What Over Rizal reveals is that at some point archetypes can turn out to be real and one-dimensionality can become a foregone conclusion. These photos taken together might in fact give the more discerning spectator a sense of the kind of narrative we collectively build as a nation about Rizal, even and precisely on the level of the seemingly harmless monument.
Alwin Reamillo’s Ang Balut Viand exhibit is like balut: it looks like a standard generic egg from the outside, but is an unborn duck on the inside. Which is of course to say that you might not have the stomach for that sisiw literally and figuratively; or find that you actually quite have a taste for it, from sipping that hot balut liquid straight from the shell, to the process of slowly peeling the shell, and downing it whole: the eating of balut isn’t just about eating, as it is of knowing, of identity.

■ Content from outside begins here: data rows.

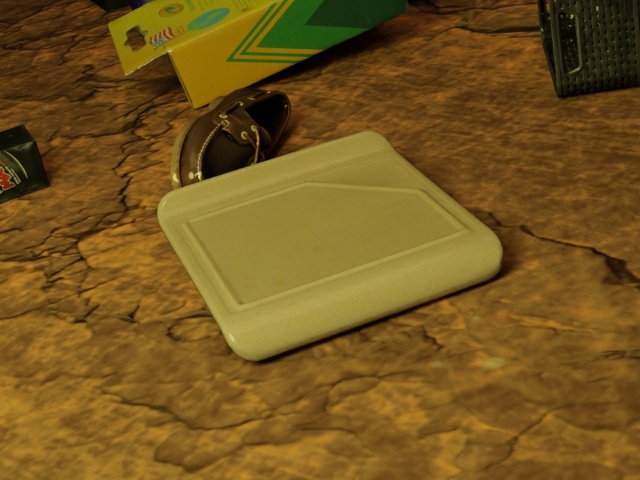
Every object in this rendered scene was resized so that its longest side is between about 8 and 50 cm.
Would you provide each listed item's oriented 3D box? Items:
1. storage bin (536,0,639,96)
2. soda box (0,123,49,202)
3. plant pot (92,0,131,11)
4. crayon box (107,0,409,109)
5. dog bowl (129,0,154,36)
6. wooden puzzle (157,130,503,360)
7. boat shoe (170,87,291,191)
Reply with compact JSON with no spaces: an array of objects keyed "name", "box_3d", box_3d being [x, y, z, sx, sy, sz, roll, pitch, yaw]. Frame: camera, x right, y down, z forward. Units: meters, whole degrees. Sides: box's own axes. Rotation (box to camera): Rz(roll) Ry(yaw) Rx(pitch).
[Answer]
[{"name":"storage bin","box_3d":[0.264,-0.232,1.200,0.084,0.122,0.180,-8,29,7]},{"name":"soda box","box_3d":[-0.361,-0.058,1.194,0.169,0.053,0.060,-22,30,-16]},{"name":"plant pot","box_3d":[-0.276,-0.459,1.775,0.188,0.167,0.187,-23,30,-18]},{"name":"crayon box","box_3d":[-0.079,-0.259,1.389,0.318,0.081,0.202,-25,30,-2]},{"name":"dog bowl","box_3d":[-0.127,-0.358,1.598,0.265,0.104,0.265,-9,28,5]},{"name":"wooden puzzle","box_3d":[0.000,0.000,0.971,0.221,0.044,0.238,-19,33,-13]},{"name":"boat shoe","box_3d":[-0.081,-0.095,1.133,0.073,0.073,0.207,-6,29,17]}]
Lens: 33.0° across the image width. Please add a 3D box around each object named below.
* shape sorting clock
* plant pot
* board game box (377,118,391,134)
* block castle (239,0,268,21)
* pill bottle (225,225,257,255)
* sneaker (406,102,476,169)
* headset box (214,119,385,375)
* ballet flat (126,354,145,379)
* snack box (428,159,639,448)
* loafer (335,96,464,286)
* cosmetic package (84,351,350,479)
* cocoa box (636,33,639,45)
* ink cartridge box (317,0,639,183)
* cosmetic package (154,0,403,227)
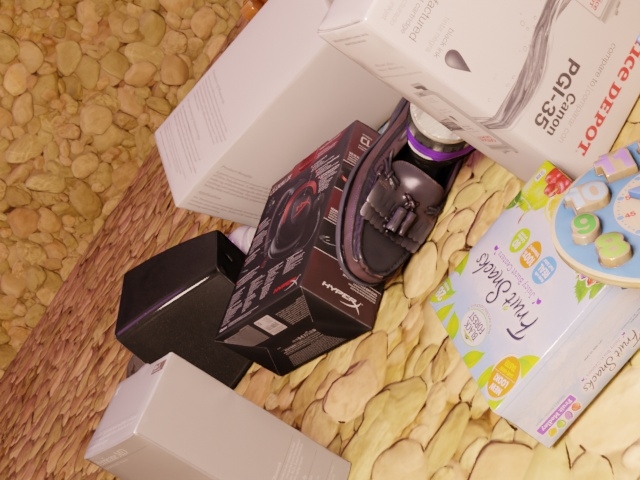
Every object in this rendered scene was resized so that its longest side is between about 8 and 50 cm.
[{"bbox_3d":[0.267,-0.034,0.783,0.206,0.040,0.206,-21,24,10],"label":"shape sorting clock"},{"bbox_3d":[-0.164,0.100,1.558,0.167,0.188,0.187,-38,24,14],"label":"plant pot"},{"bbox_3d":[0.100,-0.194,1.566,0.103,0.026,0.154,-13,48,63],"label":"board game box"},{"bbox_3d":[0.029,-0.412,1.744,0.303,0.213,0.453,-46,18,31],"label":"block castle"},{"bbox_3d":[-0.121,0.027,1.679,0.152,0.086,0.086,-31,33,51],"label":"pill bottle"},{"bbox_3d":[0.189,-0.188,1.202,0.293,0.102,0.146,-45,-14,-21],"label":"sneaker"},{"bbox_3d":[0.000,0.000,1.387,0.218,0.110,0.293,-34,31,49],"label":"headset box"},{"bbox_3d":[-0.257,0.242,1.639,0.084,0.058,0.250,52,142,31],"label":"ballet flat"},{"bbox_3d":[0.192,0.046,0.913,0.174,0.070,0.207,-51,20,13],"label":"snack box"},{"bbox_3d":[0.111,-0.086,1.267,0.095,0.109,0.302,-17,41,56],"label":"loafer"},{"bbox_3d":[-0.103,0.225,1.104,0.127,0.238,0.107,-35,29,49],"label":"cosmetic package"},{"bbox_3d":[0.350,-0.079,0.479,0.231,0.228,0.347,-53,20,15],"label":"cocoa box"},{"bbox_3d":[0.174,-0.207,1.022,0.207,0.283,0.117,-61,22,-6],"label":"ink cartridge box"},{"bbox_3d":[-0.042,-0.189,1.507,0.365,0.197,0.155,-44,50,29],"label":"cosmetic package"}]
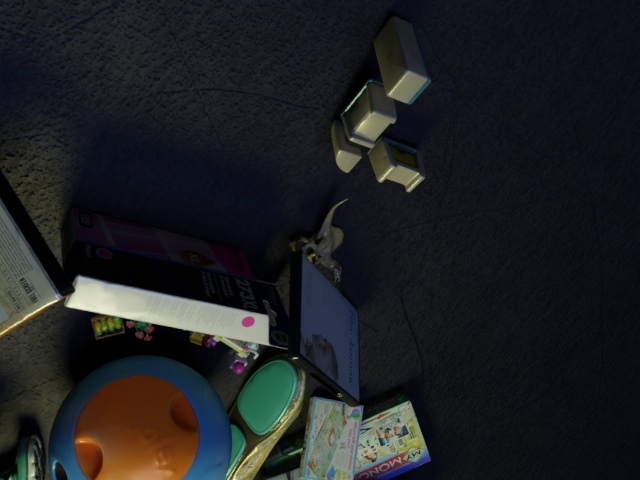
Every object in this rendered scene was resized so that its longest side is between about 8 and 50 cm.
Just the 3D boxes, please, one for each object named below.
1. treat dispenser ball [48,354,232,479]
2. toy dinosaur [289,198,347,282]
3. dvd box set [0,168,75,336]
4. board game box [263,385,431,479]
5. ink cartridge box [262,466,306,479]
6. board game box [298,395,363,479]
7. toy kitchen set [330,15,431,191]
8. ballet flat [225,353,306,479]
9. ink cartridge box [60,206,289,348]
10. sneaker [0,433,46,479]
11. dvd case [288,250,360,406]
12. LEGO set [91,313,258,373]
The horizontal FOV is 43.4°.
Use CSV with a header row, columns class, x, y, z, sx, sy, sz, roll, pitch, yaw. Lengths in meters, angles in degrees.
class,x,y,z,sx,sy,sz,roll,pitch,yaw
treat dispenser ball,-0.288,0.330,1.295,0.288,0.288,0.288,-10,127,-13
toy dinosaur,0.000,0.000,1.327,0.093,0.053,0.183,-24,138,-22
dvd box set,-0.573,0.049,1.032,0.420,0.062,0.307,-32,91,4
board game box,0.056,0.442,1.655,0.317,0.046,0.213,-24,128,-3
ink cartridge box,-0.057,0.500,1.571,0.150,0.063,0.109,-17,143,-8
board game box,0.021,0.384,1.536,0.103,0.154,0.026,14,162,-15
toy kitchen set,0.124,-0.196,1.204,0.166,0.122,0.207,16,137,-29
ballet flat,-0.111,0.340,1.491,0.123,0.123,0.348,21,114,-31
ink cartridge box,-0.198,0.063,1.208,0.371,0.175,0.069,17,116,-29
sneaker,-0.551,0.451,1.410,0.110,0.107,0.275,17,117,-19
dvd case,0.011,0.151,1.316,0.022,0.180,0.253,-12,148,20
LEGO set,-0.220,0.151,1.307,0.287,0.107,0.132,15,118,-28
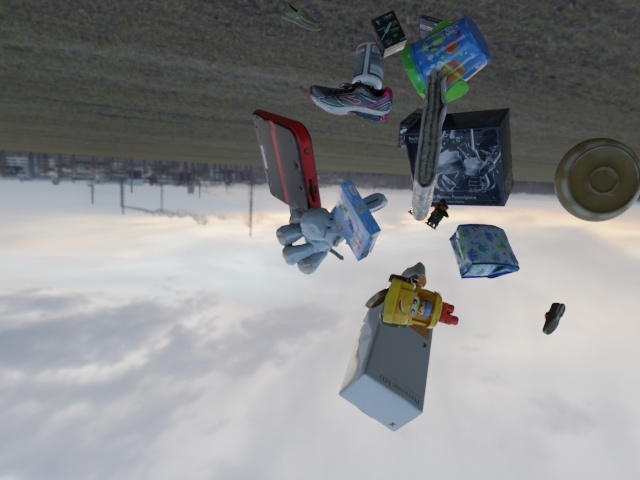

The balut is one claim to fame we’re uncertain about, seeing as it is equated with hissing cockroaches on Fear Factor. Talk about bringing us back to the dark ages of being the exotic and barbaric brown siblings of America.
In Reamillo’s hands though the balut becomes reason for pride, as it is reclaimed in its process of being changed: there are no duck fetuses here, but there is plenty of balut made out of plaster and emulsion.